I know this is sort of off topic cause it's regarding chickens, but I had to share....

I recently advertised some free eggs to an internet group I belong to. I mentioned they would be great to eat or hatch. Here are two of my favorite responses:

"Can you eat them? Are they anything like chicken eggs?"

and 

"How is it to eat eggs, but hatch them as well? Aren't you conflicted? A cake alone requires three beings."  


Now I know everyone didn't grow up with critters or on a farm and people are entitled to their own views, but that last one really cracked me up.


And on the same note....I was at a Civil War living history re-enactment last year waiting for a 'battle' to commence. It took place in a harvested corn field with lots of the old stalks laying around. People were beginning to gather and a youngish father and his son (5 or 6) sat down next to me and I heard him explain to his son that we were in a field of bamboo. He even proceeded to pick up the corn stalks and show his son what bamboo looks like.  

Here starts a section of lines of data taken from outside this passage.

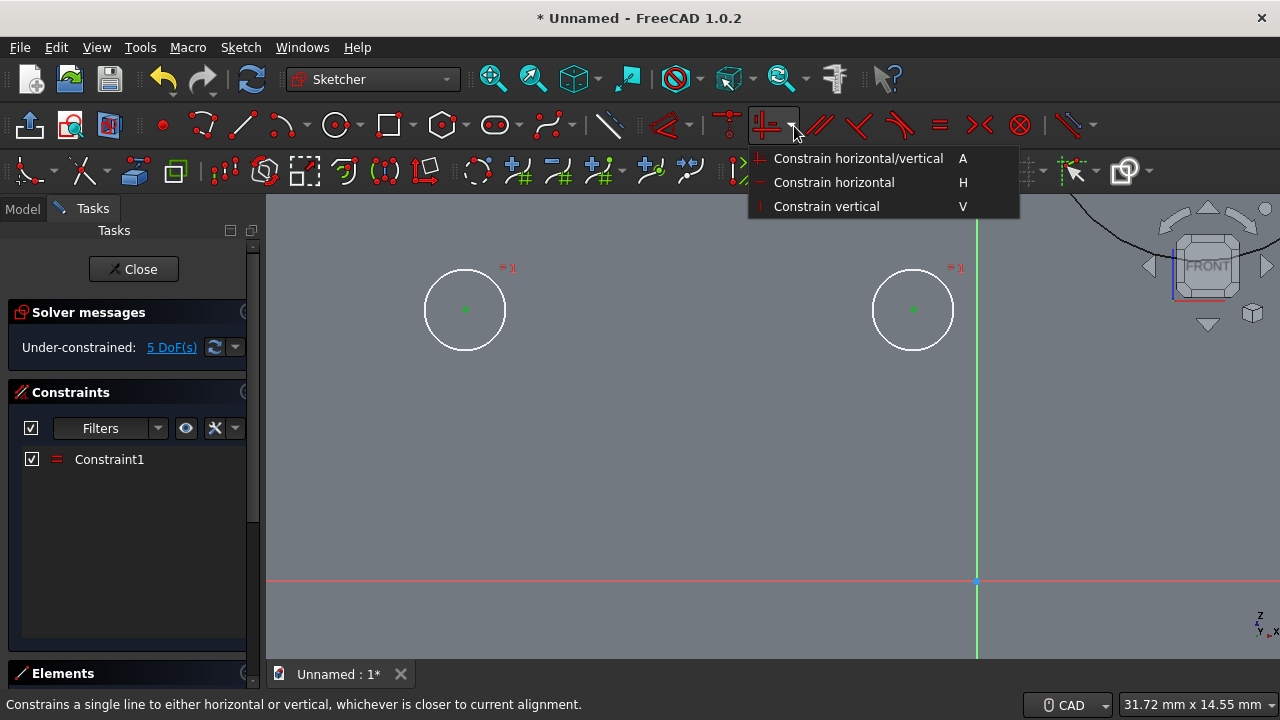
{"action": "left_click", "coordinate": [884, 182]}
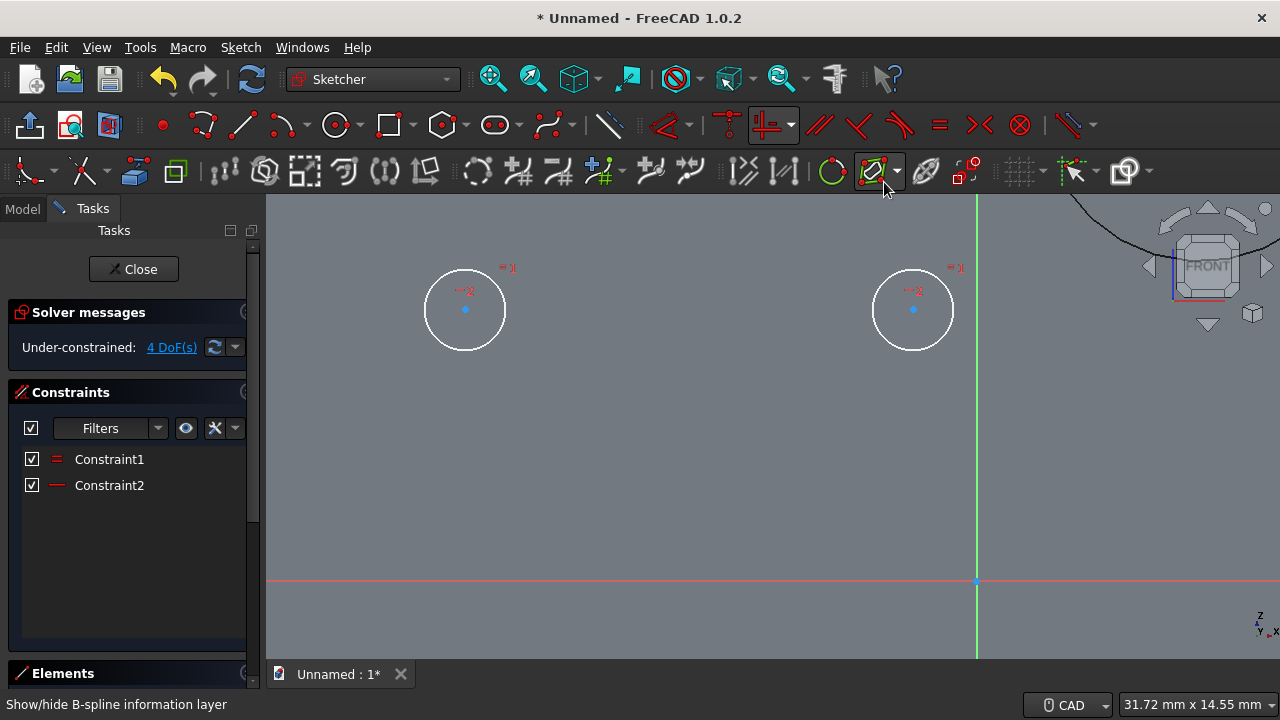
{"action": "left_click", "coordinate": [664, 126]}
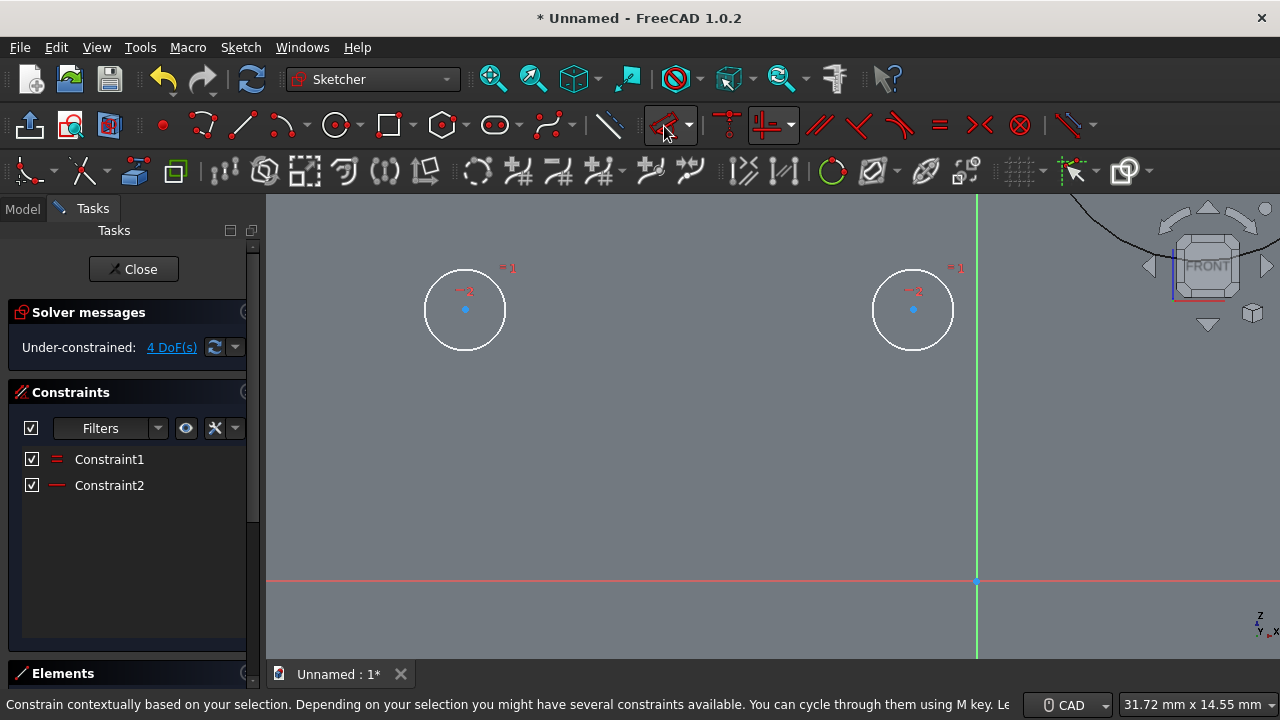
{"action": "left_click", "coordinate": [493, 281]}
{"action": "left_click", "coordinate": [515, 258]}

I feel bad for people who haven't spent enough time in the country to know what corn is.....or that eggs come from chickens and you can indeed eat them.


----------



## mandieg4 (Apr 4, 2011)

I worked at a small local zoo when I was in college and overheard a little boy about 3 or 4 telling his mother to look at the "duck".  The mom said "yes, it's a very pretty duck, isn't it?".  The "duck" was a peacock!  I can understand getting confused between a duck and a goose if you've never been around animals, but I thought a peacock was pretty easy to distinguish.  Either the mom was clueless or she just didn't want to take the time to teach her child.


----------